36th Annual Hawaii International Conference on System Sciences, 2003. Proceedings of the (2003)
Big Island, Hawaii
Jan. 6, 2003 to Jan. 9, 2003
Ming-Yen Lin , National Chiao Tung University
Suh-Yin Lee , National Chiao Tung University
The discovery of sequential patterns, which extends beyond frequent item-set finding of association rule mining, has become a challenging task due to its complexity. Essentially, a user would specify a minimum support threshold with respect to the database to find out the desired patterns. The mining process is usually iterative since the user must try various thresholds to obtain the satisfactory result. Therefore, the time-consuming process has to be repeated several times. However, current approaches are inadequate for such process due to the long execution time required for each trial.
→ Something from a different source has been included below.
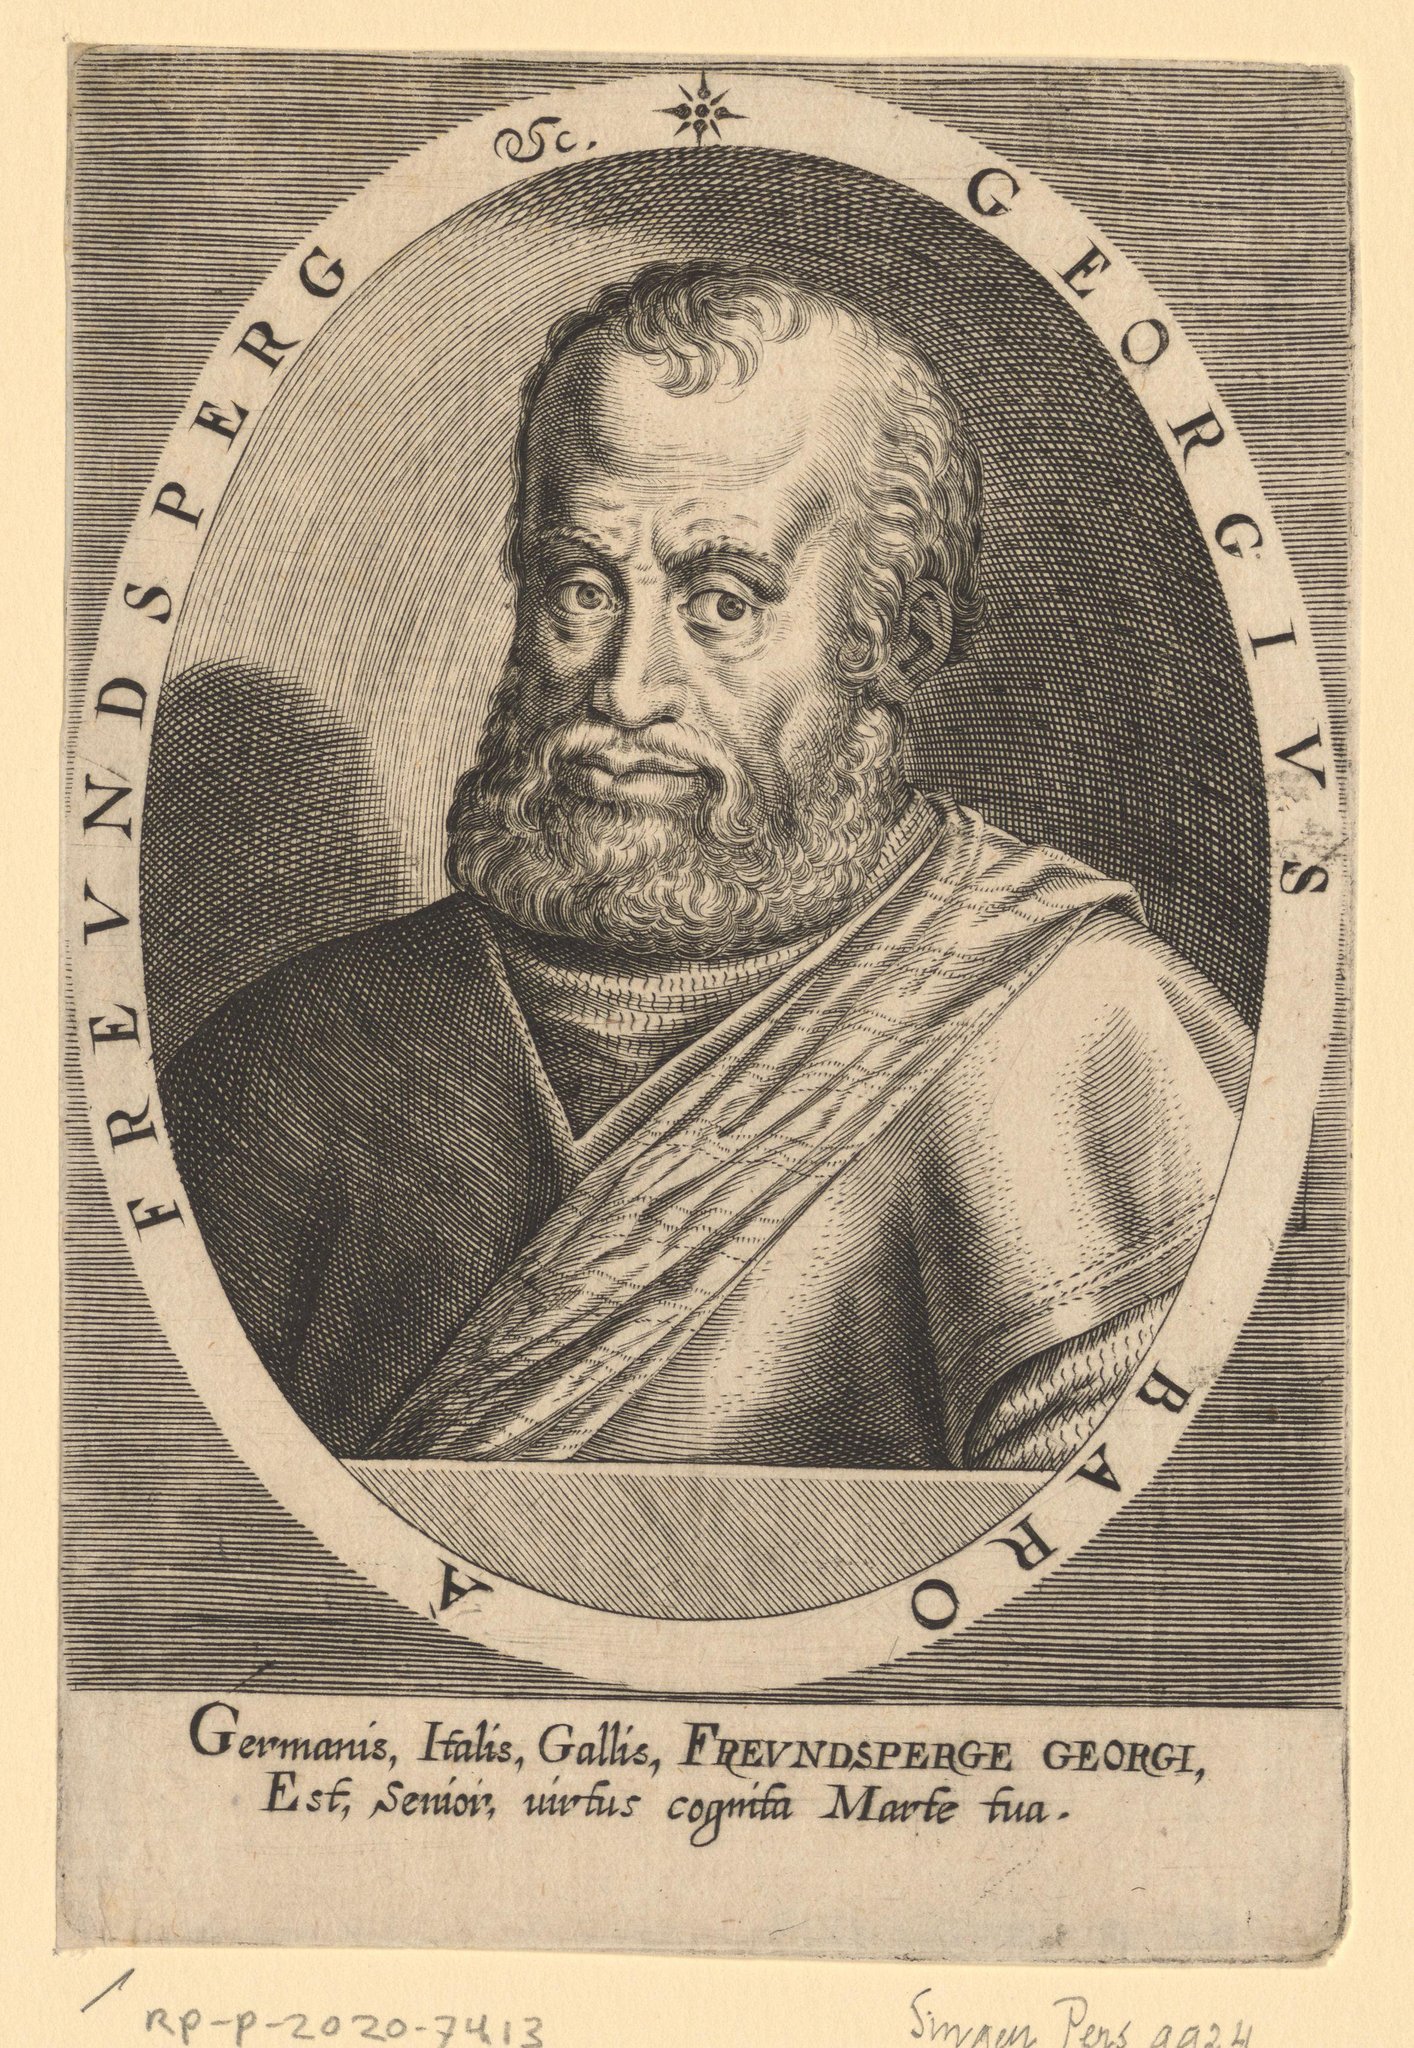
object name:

In order to minimize the total execution time and the response time for each trial, we propose a knowledge base assisted algorithm for interactive sequence discovery, called KISP. KISP constructs a knowledge base accumulating the pattern information in individual mining, eliminates considerable amount of potential patterns to facilitate efficient support counting, and speeds up the whole process. In addition, we further optimize the algorithm by direct generations of the reduced candidate sets and concurrent counting of variable sized candidates. For some queries, KISP may eliminate database access completely. The conducted experiments show that KISP outperforms GSP, a state-of-the-art sequence mining algorithm, by several orders of magnitudes for interactive sequence discovery.
M. Lin and S. Lee, "Improving the Efficiency of Interactive Sequential Pattern Mining by Incremental Pattern Discovery," 36th Annual Hawaii International Conference on System Sciences, 2003. Proceedings of the(HICSS), Big Island, Hawaii, 2003, pp. 68b.